ACTIVITY:
Starting at the line that contains "Numbers: x, y, z, sx, sy, sz, roll, pitch, yaw. Meters", retype each line to the end of the listing below. Include both ends, but not the pictures.

====== DATA PROVIDED ======

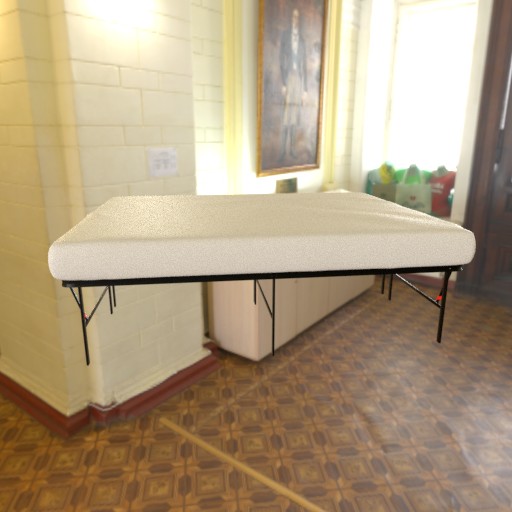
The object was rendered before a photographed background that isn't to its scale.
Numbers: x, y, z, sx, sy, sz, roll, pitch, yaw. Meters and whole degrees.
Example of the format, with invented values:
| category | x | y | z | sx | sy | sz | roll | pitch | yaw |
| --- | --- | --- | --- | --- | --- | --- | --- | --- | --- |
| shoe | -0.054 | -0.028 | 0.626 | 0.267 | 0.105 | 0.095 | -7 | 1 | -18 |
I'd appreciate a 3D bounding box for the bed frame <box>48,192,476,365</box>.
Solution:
| category | x | y | z | sx | sy | sz | roll | pitch | yaw |
| --- | --- | --- | --- | --- | --- | --- | --- | --- | --- |
| bed frame | 0.000 | 0.000 | 2.926 | 2.151 | 0.667 | 1.584 | -2 | 16 | -7 |
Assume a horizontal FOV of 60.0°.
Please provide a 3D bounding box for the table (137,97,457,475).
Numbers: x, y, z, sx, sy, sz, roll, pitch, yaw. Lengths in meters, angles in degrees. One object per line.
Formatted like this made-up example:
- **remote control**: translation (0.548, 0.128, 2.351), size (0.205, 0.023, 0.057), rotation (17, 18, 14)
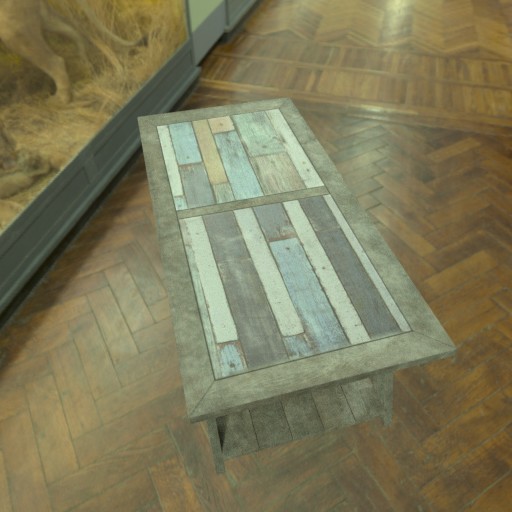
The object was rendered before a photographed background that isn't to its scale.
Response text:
- **table**: translation (0.000, 0.000, 1.516), size (0.610, 0.470, 1.219), rotation (-11, 48, -10)

======

OUTPUT OF THE EXERCISE:
Numbers: x, y, z, sx, sy, sz, roll, pitch, yaw. Meters and whole degrees.
Example of the format, with invented values:
| category | x | y | z | sx | sy | sz | roll | pitch | yaw |
| --- | --- | --- | --- | --- | --- | --- | --- | --- | --- |
| shoe | -0.054 | -0.028 | 0.626 | 0.267 | 0.105 | 0.095 | -7 | 1 | -18 |
I'd appreciate a 3D bounding box for the bed frame <box>48,192,476,365</box>.
Solution:
| category | x | y | z | sx | sy | sz | roll | pitch | yaw |
| --- | --- | --- | --- | --- | --- | --- | --- | --- | --- |
| bed frame | 0.000 | 0.000 | 2.926 | 2.151 | 0.667 | 1.584 | -2 | 16 | -7 |
Assume a horizontal FOV of 60.0°.
Please provide a 3D bounding box for the table (137,97,457,475).
Numbers: x, y, z, sx, sy, sz, roll, pitch, yaw. Lengths in meters, angles in degrees. One object per line.
Formatted like this made-up example:
- **remote control**: translation (0.548, 0.128, 2.351), size (0.205, 0.023, 0.057), rotation (17, 18, 14)
The object was rendered before a photographed background that isn't to its scale.
Response text:
- **table**: translation (0.000, 0.000, 1.516), size (0.610, 0.470, 1.219), rotation (-11, 48, -10)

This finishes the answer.